Performance analysis and multi-objective optimization of organic Rankine cycle for low-grade sinter waste heat recovery

Abstract

In order to enhance the sinter waste heat recovery (WHR) rate efficiently, the organic Rankine cycle (ORC) for power production was applied to take the low-grade sinter cooling flue gas (SCFG) expelled from the waste heat boiler as the heat source. The system thermodynamic, thermo-economic and multi-objective optimization models were constructed firstly, and then R245fa was chosen as the ORC working fluid. Furthermore, the variations of system thermodynamic and thermo-economic performances with the ORC thermal parameters under different inlet temperatures of SCFG were analyzed in detail, and the ideal parameter combination was established through the multi-objective optimization approach.
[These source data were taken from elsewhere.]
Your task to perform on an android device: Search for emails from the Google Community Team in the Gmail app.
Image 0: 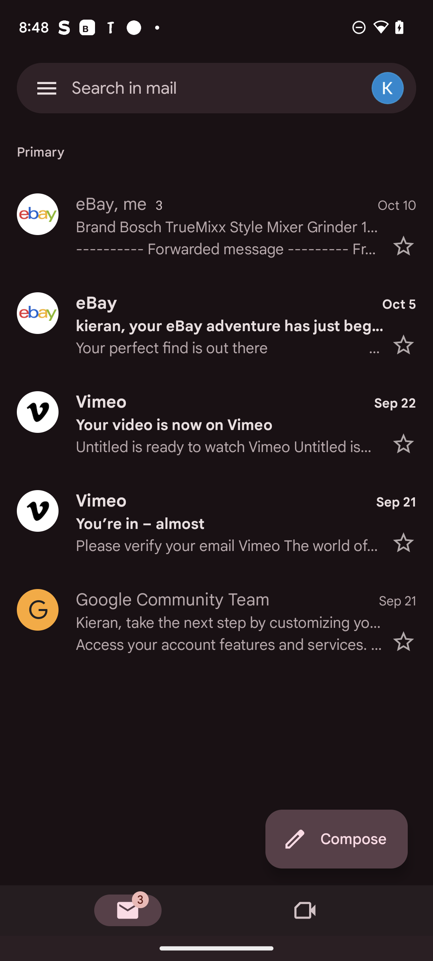
Click on the search bar at the top of the screen
Step 0: click (124, 88)
Image 1: 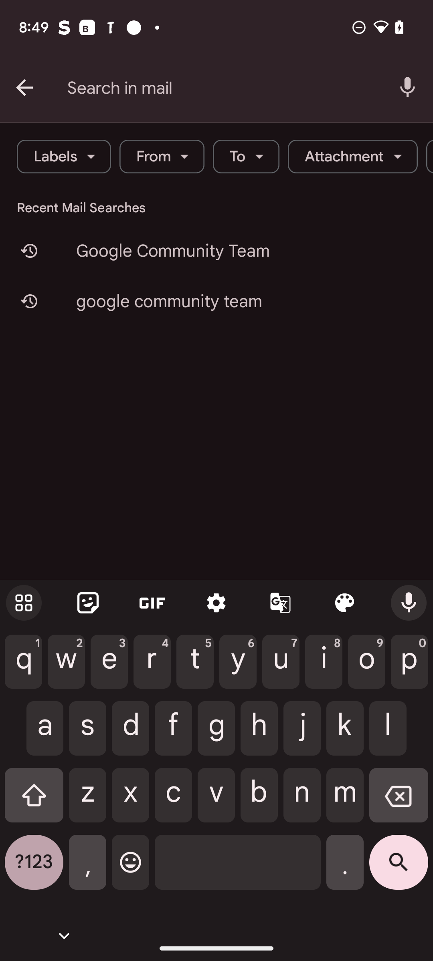
Click on the first recent mail searches
Step 1: click (229, 249)
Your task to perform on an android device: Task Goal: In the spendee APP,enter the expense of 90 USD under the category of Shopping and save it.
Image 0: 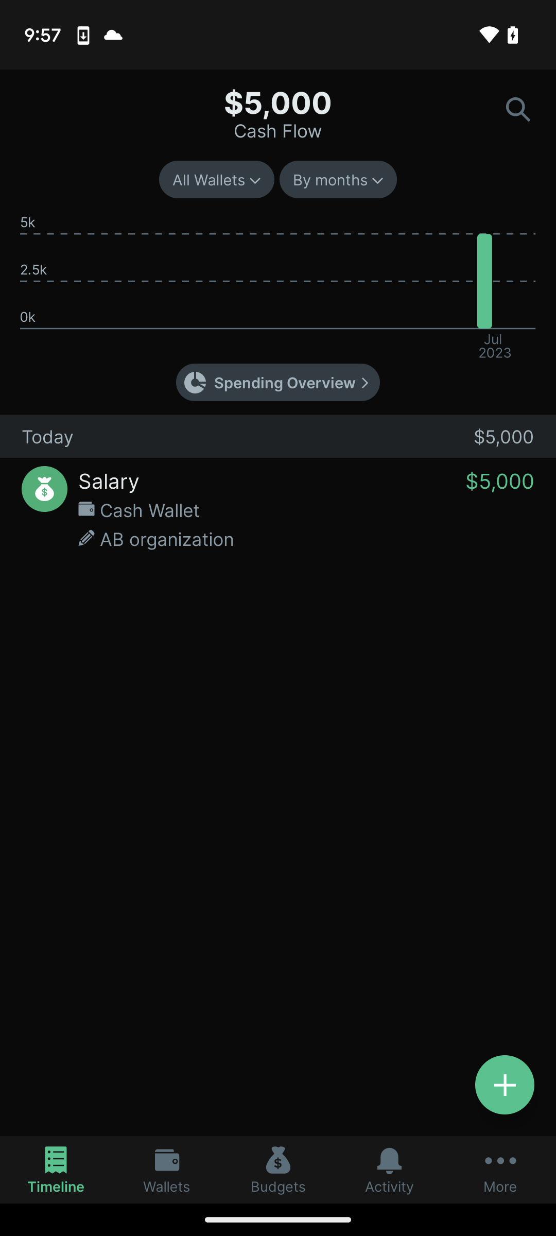
Click on the Plus icon at the bottom right corner
Step 0: click (505, 1085)
Image 2: 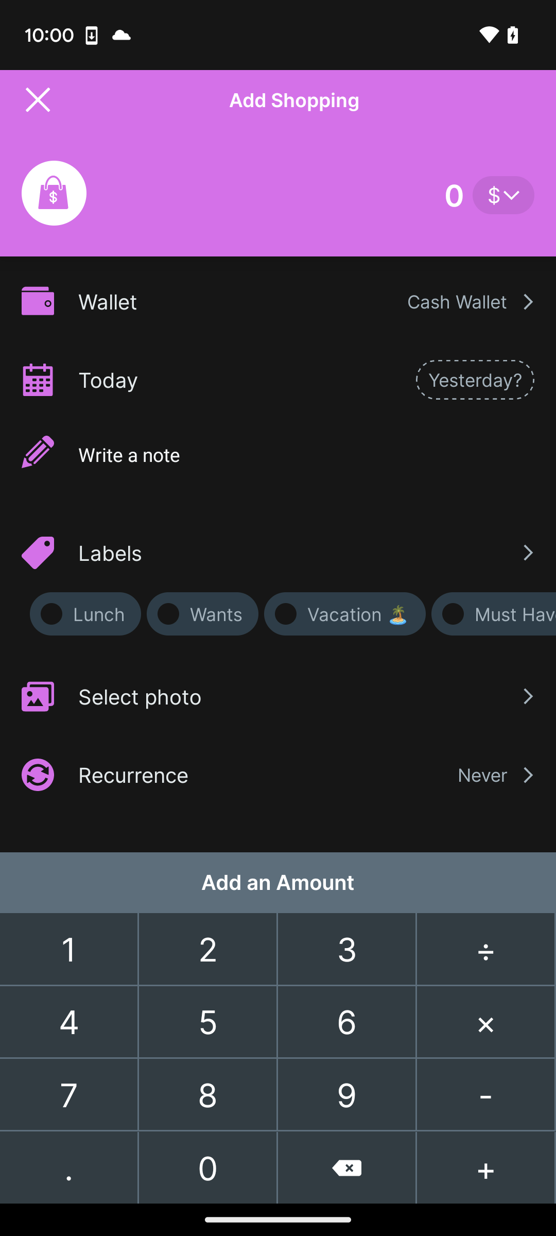
Enter the Amount 90 USD
Step 2: click (347, 1095)
Image 3: 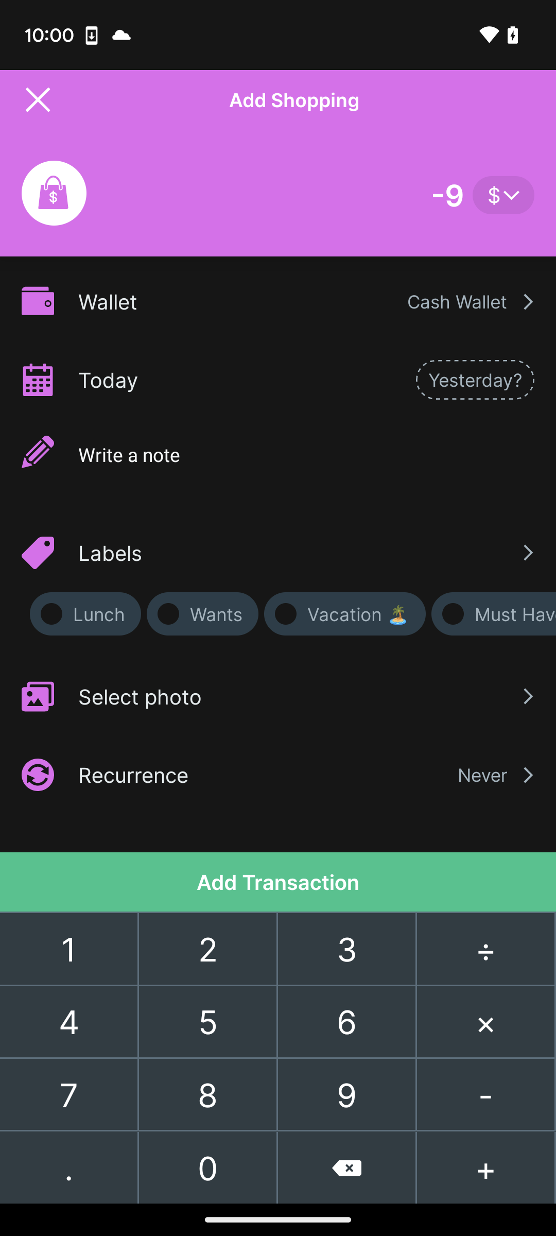
Enter the Amount 90 USD
Step 3: click (208, 1168)
Image 4: 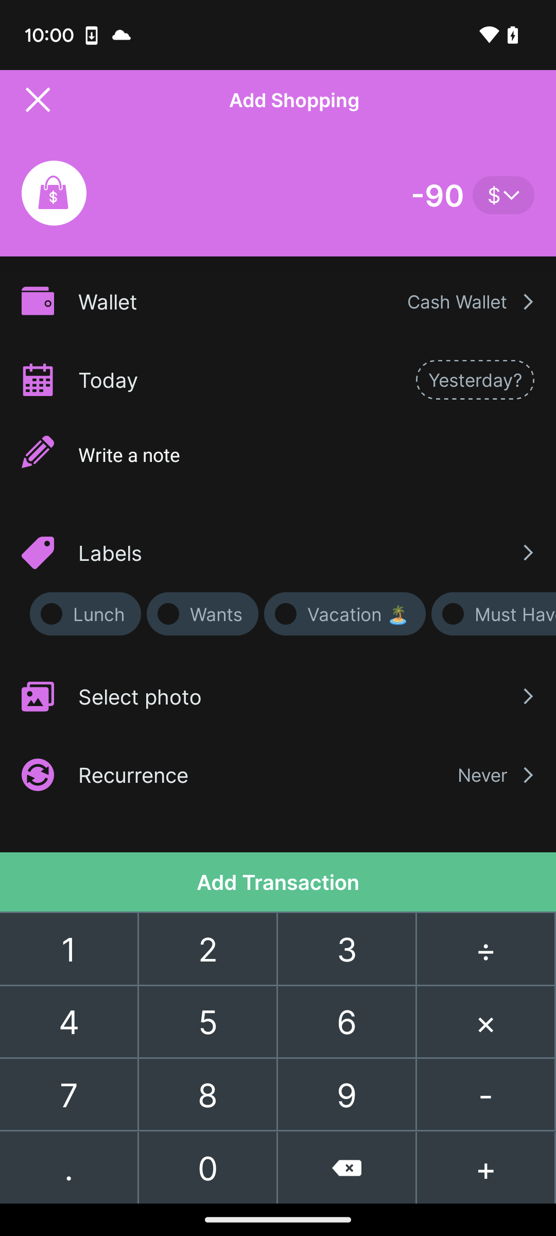
Click on the Add Transaction
Step 4: click (278, 882)

The results show that, the optimal inlet temperature of SCFG is determined to be 160 °C, and under the aforementioned condition of inlet temperature of SCFG, the optimal ORC thermal parameters are determined to be 95 °C for the working fluid evaporation temperature, 10 °C for the working fluid superheat degree, 28 °C for the working fluid condensation temperature and 9 °C for the pinch-point temperature difference in evaporator by considering the system thermodynamic and thermo-economic performances comprehensively. Meanwhile, the WHR rate of SCFG under the above ORC parameter combination could reach 64.86 %, showing remarkable energy-saving effect.